The Conundrum of Remission
One of the basic tasks a medical oncologist must perform is to determine whether a patient's cancer has responded to treatment. This evaluation is usually made by measuring the size of a tumor on physical examination or x-rays, and if the lesion is at least half its previous size a partial remission is said to have occurred, which is an encouraging result. Even better, if the mass is gone then the remission is labeled as complete. Patients whose tumors shrink less than half, remain the same size, or increase in size are formally deemed nonresponders, and using this system of reckoning, thought to face a grim future. For many years formal clinical trials of chemotherapy reported repsonses in this objective manner, as a way to predict which patients have the best chance to extend their lives. Once a tumor is measured on an imaging study, the answer to the question "Did the treatment work?" must be communicated to the patient and family.

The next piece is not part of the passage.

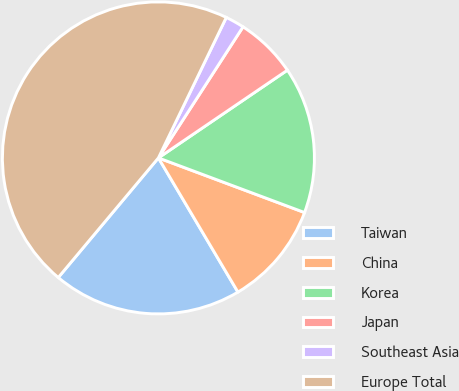Convert chart to OTSL. <chart><loc_0><loc_0><loc_500><loc_500><pie_chart><fcel>Taiwan<fcel>China<fcel>Korea<fcel>Japan<fcel>Southeast Asia<fcel>Europe Total<nl><fcel>19.61%<fcel>10.79%<fcel>15.2%<fcel>6.37%<fcel>1.96%<fcel>46.07%<nl></chart>

I am the doctor who walks into an examining room and delivers this news.
Obviously my job is easy if the report is reassuring, but what if the cancer has not responded to therapy? When an x-ray reveals a meager response, how does an oncologist share this information without delivering a crushing blow to the hopes of his patient? The truth is, the manner in which I counsel a patient is one of the little-known quirks of the field of cancer care. Depending upon my facial expression, my body language or my demeanor in general, my answer - even if it contains discouraging news - may still calm the anxious face in front of me. Like an actor I may choose the role I wish to play that day - rescuer or villain, optimist or cynic. I can attach my own personal slant to the interpretation of the x-rays that may cause the patient to vow to fight on, or simply give up.
On this day - strange but true - I am the ultimate spin doctor.
There is a problem, however, in using the response rate to predict survival. Many new treatments available in the battle against cancer, such as monoclonal antibodies or growth factor inhibitors, nicknamed targeted therapy, can aid a patient without significantly reducing the size of a tumor. Cancer growth can sometimes be arrested, leading to a noticeable improvement in the patient's symptoms. This outcome has been enthusiastically described as "turning cancer into a chronic disease". In this setting it matters less that the tumor has shrunk but that it is no longer growing out of control.
If a patient can actually co-exist with cancer, then the significance of the response on x-ray lessens. Now, living with cancer no longer becomes an all-or-nothing game, where only those who rid themselves of the disease completely have any chance for a future. Even if an x-ray shows no signs of remission, if a patient feels better after receiving treatment my job is to provide encouragement and hope.
The treatment of cancer is changing - from a game of pure chance to a game of skill - a long campaign, with many battles, retreats when necessary, and an ever-shifting strategy against a faceless enemy.
Cancer therapy is not like playing the lottery, won by only a handful. To me it is like a long run to the top of a mountain called Cure. Some patients travel only a short distance before they drop from exhaustion. Others can sprint for miles, barely visible to the eye as they climb upward into the furrows and ledges. Some even reach the summit. All who attempt this ascent, whether it ends close to the base or on the bright peak, deserve to be called the bravest of the brave.